In the process of determining the effects of IL-1β and TNF-α, each osteoblast differentiation

assay was conducted in duplicate. Initially, 2 sets of the same assay would be differentiated after

being incubated in osteogenic media for 1 week or 2 weeks. Upon the realisation that ALP

staining had reached maximal intensity after 1 week, subsequent assays were differentiated at

either 5 days or 1 week. The 5 day incubation in ostegenic media gave the best results –

maximum difference in staining intensity between osteogenic media and normal media.

3.10 IL-1β and TNF-α decrease ALP staining in ∆45-transfected cells

Earlier reporter assays using cells transfected with ∆45 and treated with either IL-1β or TNF-α

showed a decreased in firefly luciferase activity, indicating a reduction in the accumulation of β-

catenin activity (Figure 4). Osteoblast differentiation assays also support this finding with the

transfected cells treated with IL-1β or TNF-α showing a decrease in ALP staining when

compared to wells treated ∆45 alone. However, wells treated with ∆45 alone failed to show an

additive effect on ALP staining, showing similar staining intensity to the control wells (Figure

10A). 3.11 IL-1β and TNF-α decreased ALP staining in LiCl-treated cells

Both IL-1β and TNF-α were able to reduce the intensity of ALP staining seen in wells treated

with LiCl (Figure 10B). However, LiCl treated cells had no additional effect on ALP staining

compared to osteogenic media alone.

33

3.12 Wnt3a inhibits osteoblast differentiation

Cells were treated with osteogenic media for 7 days in the presence or absence of Wnt3a, axin-

RFP plasmid, IL-1β and TNF-α. Wnt3a appeared to inhibit ALP staining while the axin-RFP

plasmid had no effect on ALP staining (Figure 11). Both IL-1β and TNF-α inhibited ALP

staining alone and in the presence of Wnt3a (Figure 11B).

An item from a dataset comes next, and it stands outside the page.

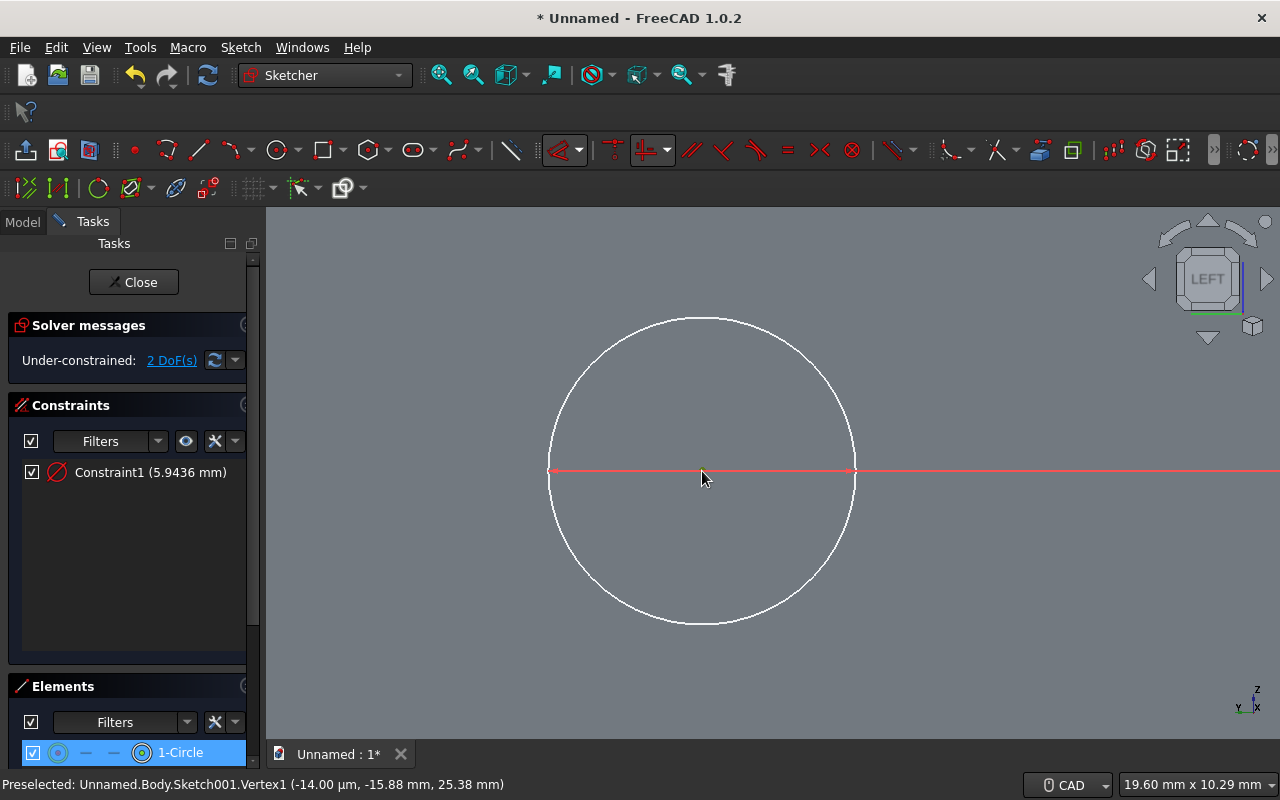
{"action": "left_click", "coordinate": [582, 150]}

3.13 Change in osteoblastic gene expression with LiCl or Wnt3a and IL-1β or TNF-α

The expression of several known osteoblastic marker genes can be quantitatively measured via

real-time-PCR (RT-PCR). RNA was extracted from cells treated for 3 or 7 days in osteogenic

media treated with a combination treatments with LiCl, Wnt3a, IL-1β or TNF-α. The expression

of different osteoblast genes – Runx2, Osterix (Osx) and ALP was measured. The TATA binding

protein (TBP) was used as a control gene and was used in analysis of the results to determine

differential expression of the genes.

Treatment of the cells for 3 days in LiCl did not show a significant change in gene expression for

Runx2, Osx or ALP when compared to negative control. However, a general pattern showing a

moderate decrease when co-treated with IL-1β and a greater reduction with TNF-α was observed

in the expression of all 3 genes (Figure 12).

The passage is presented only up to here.